RECORDS SUPPLIED:
******

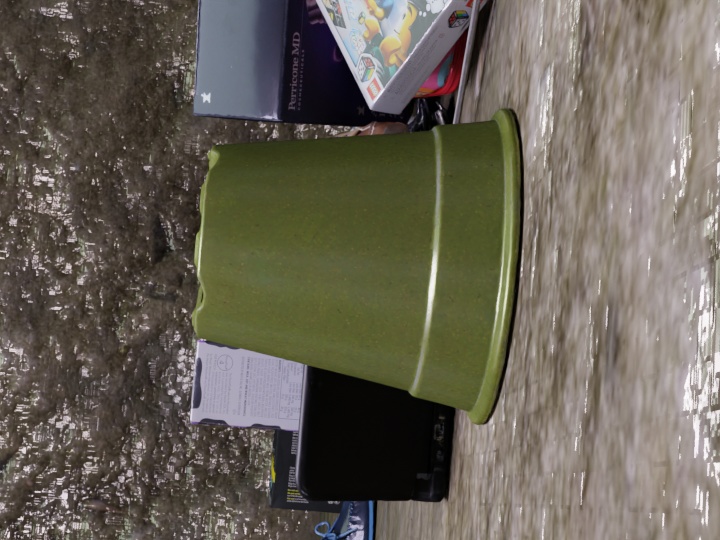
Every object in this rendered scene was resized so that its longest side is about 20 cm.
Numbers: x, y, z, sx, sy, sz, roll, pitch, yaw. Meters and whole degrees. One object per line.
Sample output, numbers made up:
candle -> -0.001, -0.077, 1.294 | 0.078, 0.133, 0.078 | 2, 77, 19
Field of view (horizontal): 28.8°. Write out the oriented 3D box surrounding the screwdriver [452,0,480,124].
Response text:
screwdriver -> 0.074, -0.118, 1.047 | 0.029, 0.028, 0.202 | -40, -34, -52

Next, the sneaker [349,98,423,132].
sneaker -> 0.040, -0.187, 1.443 | 0.200, 0.074, 0.117 | 138, 144, -72

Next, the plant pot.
plant pot -> -0.008, -0.009, 0.891 | 0.200, 0.188, 0.202 | -176, 90, -86

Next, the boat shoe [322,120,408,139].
boat shoe -> -0.005, -0.083, 1.201 | 0.200, 0.071, 0.076 | 118, 167, -76

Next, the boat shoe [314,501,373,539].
boat shoe -> -0.022, 0.341, 1.661 | 0.084, 0.068, 0.202 | 111, 164, -78

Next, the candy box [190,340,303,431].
candy box -> -0.042, 0.102, 1.223 | 0.168, 0.198, 0.072 | 139, 135, -85

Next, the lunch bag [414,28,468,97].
lunch bag -> 0.047, -0.244, 1.146 | 0.176, 0.081, 0.202 | -155, 70, -77

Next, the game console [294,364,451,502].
game console -> 0.012, 0.066, 1.056 | 0.176, 0.115, 0.202 | 147, 128, -86

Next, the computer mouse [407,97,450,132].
computer mouse -> 0.047, -0.045, 1.242 | 0.138, 0.052, 0.202 | 135, 150, -83

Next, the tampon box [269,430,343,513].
tampon box -> -0.062, 0.226, 2.036 | 0.150, 0.125, 0.202 | -96, 12, -70

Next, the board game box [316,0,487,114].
board game box -> 0.015, -0.237, 1.075 | 0.126, 0.034, 0.201 | -50, 52, 36

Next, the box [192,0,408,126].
box -> -0.047, -0.204, 1.260 | 0.199, 0.104, 0.150 | -7, -78, -54
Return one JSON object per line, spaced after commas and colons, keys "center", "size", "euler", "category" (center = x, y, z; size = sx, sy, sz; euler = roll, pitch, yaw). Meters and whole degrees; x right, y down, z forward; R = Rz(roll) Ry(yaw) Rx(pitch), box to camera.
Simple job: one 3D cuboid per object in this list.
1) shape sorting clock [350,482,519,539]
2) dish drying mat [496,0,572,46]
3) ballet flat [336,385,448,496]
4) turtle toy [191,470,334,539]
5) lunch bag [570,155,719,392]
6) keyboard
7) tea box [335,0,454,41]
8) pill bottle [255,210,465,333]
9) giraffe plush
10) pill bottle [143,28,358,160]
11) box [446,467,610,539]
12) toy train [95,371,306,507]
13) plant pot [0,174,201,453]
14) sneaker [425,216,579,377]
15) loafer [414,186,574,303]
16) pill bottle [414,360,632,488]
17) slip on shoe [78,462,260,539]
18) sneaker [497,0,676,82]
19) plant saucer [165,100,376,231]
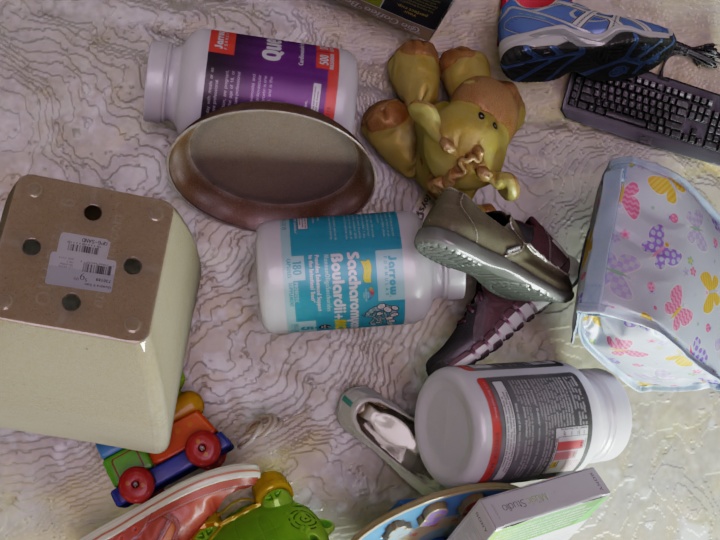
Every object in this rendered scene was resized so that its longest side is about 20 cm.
{"center": [0.074, 0.261, 1.077], "size": [0.198, 0.201, 0.039], "euler": [-13, 58, -9], "category": "shape sorting clock"}
{"center": [0.193, -0.330, 1.179], "size": [0.076, 0.018, 0.202], "euler": [8, 88, -10], "category": "dish drying mat"}
{"center": [0.063, 0.186, 1.128], "size": [0.199, 0.069, 0.070], "euler": [34, 84, -7], "category": "ballet flat"}
{"center": [-0.111, 0.296, 1.073], "size": [0.199, 0.146, 0.102], "euler": [-27, 128, -8], "category": "turtle toy"}
{"center": [0.275, 0.006, 1.084], "size": [0.200, 0.126, 0.171], "euler": [34, 61, -42], "category": "lunch bag"}
{"center": [0.320, -0.197, 1.196], "size": [0.198, 0.021, 0.128], "euler": [15, 87, -9], "category": "keyboard"}
{"center": [0.021, -0.350, 1.050], "size": [0.199, 0.197, 0.135], "euler": [22, 67, -9], "category": "tea box"}
{"center": [0.000, 0.000, 1.088], "size": [0.198, 0.111, 0.112], "euler": [-5, 90, -2], "category": "pill bottle"}
{"center": [0.093, -0.132, 1.087], "size": [0.171, 0.162, 0.202], "euler": [9, 87, -9], "category": "giraffe plush"}
{"center": [-0.106, -0.170, 1.083], "size": [0.198, 0.112, 0.114], "euler": [7, 88, -9], "category": "pill bottle"}
{"center": [0.132, 0.267, 1.061], "size": [0.143, 0.201, 0.036], "euler": [-7, 53, -34], "category": "box"}
{"center": [-0.166, 0.138, 1.091], "size": [0.199, 0.085, 0.116], "euler": [-28, 80, -8], "category": "toy train"}
{"center": [-0.246, 0.025, 0.992], "size": [0.198, 0.177, 0.201], "euler": [11, 61, -9], "category": "plant pot"}
{"center": [0.122, 0.017, 1.144], "size": [0.199, 0.076, 0.116], "euler": [-36, 88, -17], "category": "sneaker"}
{"center": [0.135, -0.021, 1.042], "size": [0.199, 0.075, 0.070], "euler": [25, 74, -41], "category": "loafer"}
{"center": [0.162, 0.148, 1.094], "size": [0.199, 0.116, 0.117], "euler": [0, 89, -31], "category": "pill bottle"}
{"center": [-0.179, 0.241, 1.052], "size": [0.199, 0.074, 0.061], "euler": [-30, 78, -6], "category": "slip on shoe"}
{"center": [0.231, -0.242, 1.138], "size": [0.198, 0.076, 0.078], "euler": [-2, 63, -19], "category": "sneaker"}
{"center": [-0.083, -0.100, 1.058], "size": [0.198, 0.201, 0.032], "euler": [6, 60, -9], "category": "plant saucer"}

******

EXERCISE BRIEF:
Give again exactly the lines running from the beginning of the material above through the line that contains "Sample output, numbers", and leave out every picture.

EXERCISE OUTPUT:
Every object in this rendered scene was resized so that its longest side is about 20 cm.
Numbers: x, y, z, sx, sy, sz, roll, pitch, yaw. Meters and whole degrees. One object per line.
Sample output, numbers made up:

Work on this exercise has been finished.